## YOUR TASK
Starting at the top line, print the entries below exactly as they are and skip every picture.

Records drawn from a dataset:
=== Section Start ===
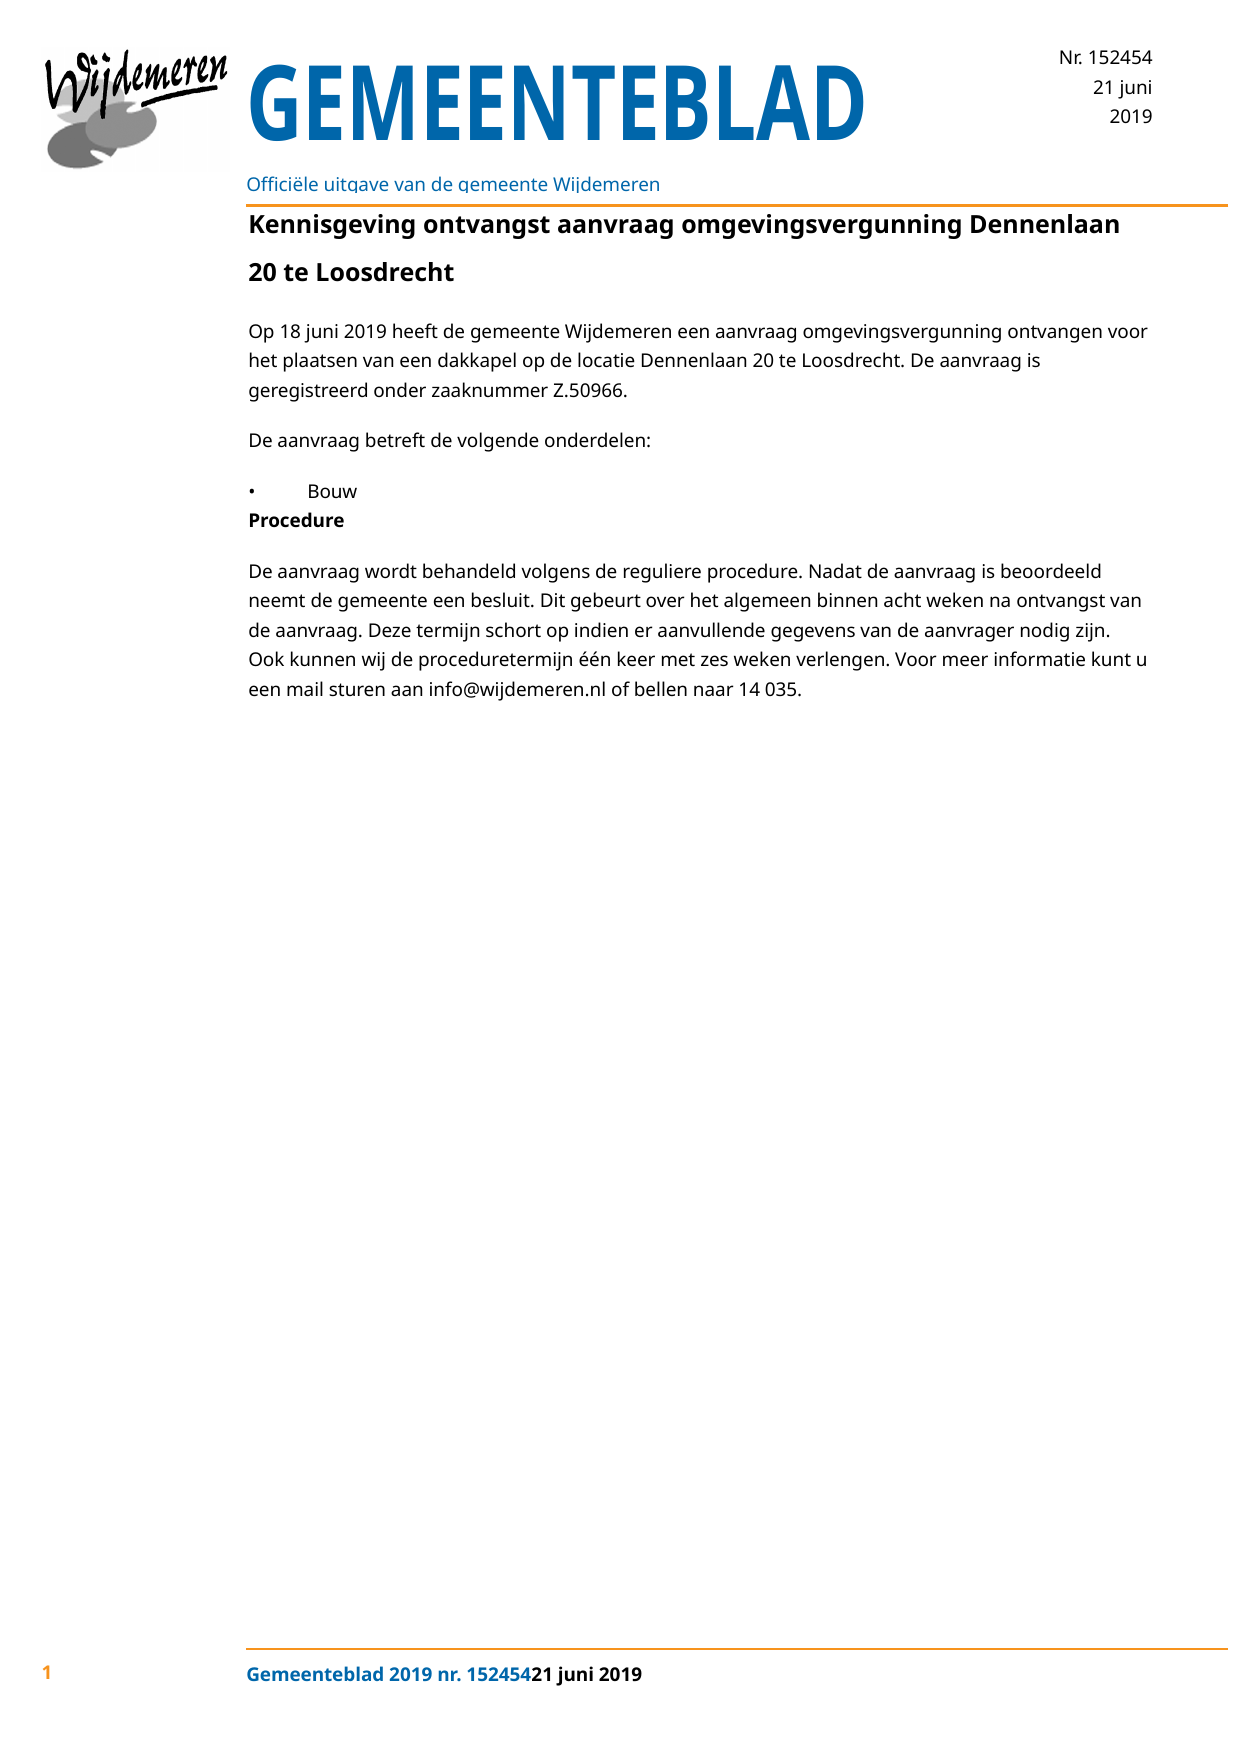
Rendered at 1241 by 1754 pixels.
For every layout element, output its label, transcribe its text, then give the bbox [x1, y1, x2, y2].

list Bouw [248, 478, 1152, 504]
text De aanvraag betreft de volgende onderdelen: [248, 427, 1152, 453]
text Kennisgeving ontvangst aanvraag omgevingsvergunning Dennenlaan 20 te Loosdrecht [248, 207, 1152, 288]
text De aanvraag wordt behandeld volgens de reguliere procedure. Nadat de aanvraag is beoordeeld neemt de gemeente een besluit. Dit gebeurt over het algemeen binnen acht weken na ontvangst van de aanvraag. Deze termijn schort op indien er aanvullende gegevens van de aanvrager nodig zijn. Ook kunnen wij de proceduretermijn één keer met zes weken verlengen. Voor meer informatie kunt u een mail sturen aan info@wijdemeren.nl of bellen naar 14 035. [248, 558, 1152, 702]
text Procedure [248, 507, 1152, 533]
picture [41, 47, 231, 172]
text Op 18 juni 2019 heeft de gemeente Wijdemeren een aanvraag omgevingsvergunning ontvangen voor het plaatsen van een dakkapel op de locatie Dennenlaan 20 te Loosdrecht. De aanvraag is geregistreerd onder zaaknummer Z.50966. [248, 318, 1152, 403]
=== Section End ===
## ANSWER FOR THIS EXERCISE
Rendered at 1241 by 1754 pixels.
For every layout element, output its label, transcribe its text, then give the bbox [x1, y1, x2, y2].

list Bouw [248, 478, 1152, 504]
text De aanvraag betreft de volgende onderdelen: [248, 427, 1152, 453]
text Kennisgeving ontvangst aanvraag omgevingsvergunning Dennenlaan 20 te Loosdrecht [248, 207, 1152, 288]
text De aanvraag wordt behandeld volgens de reguliere procedure. Nadat de aanvraag is beoordeeld neemt de gemeente een besluit. Dit gebeurt over het algemeen binnen acht weken na ontvangst van de aanvraag. Deze termijn schort op indien er aanvullende gegevens van de aanvrager nodig zijn. Ook kunnen wij de proceduretermijn één keer met zes weken verlengen. Voor meer informatie kunt u een mail sturen aan info@wijdemeren.nl of bellen naar 14 035. [248, 558, 1152, 702]
text Procedure [248, 507, 1152, 533]
picture [41, 47, 231, 172]
text Op 18 juni 2019 heeft de gemeente Wijdemeren een aanvraag omgevingsvergunning ontvangen voor het plaatsen van een dakkapel op de locatie Dennenlaan 20 te Loosdrecht. De aanvraag is geregistreerd onder zaaknummer Z.50966. [248, 318, 1152, 403]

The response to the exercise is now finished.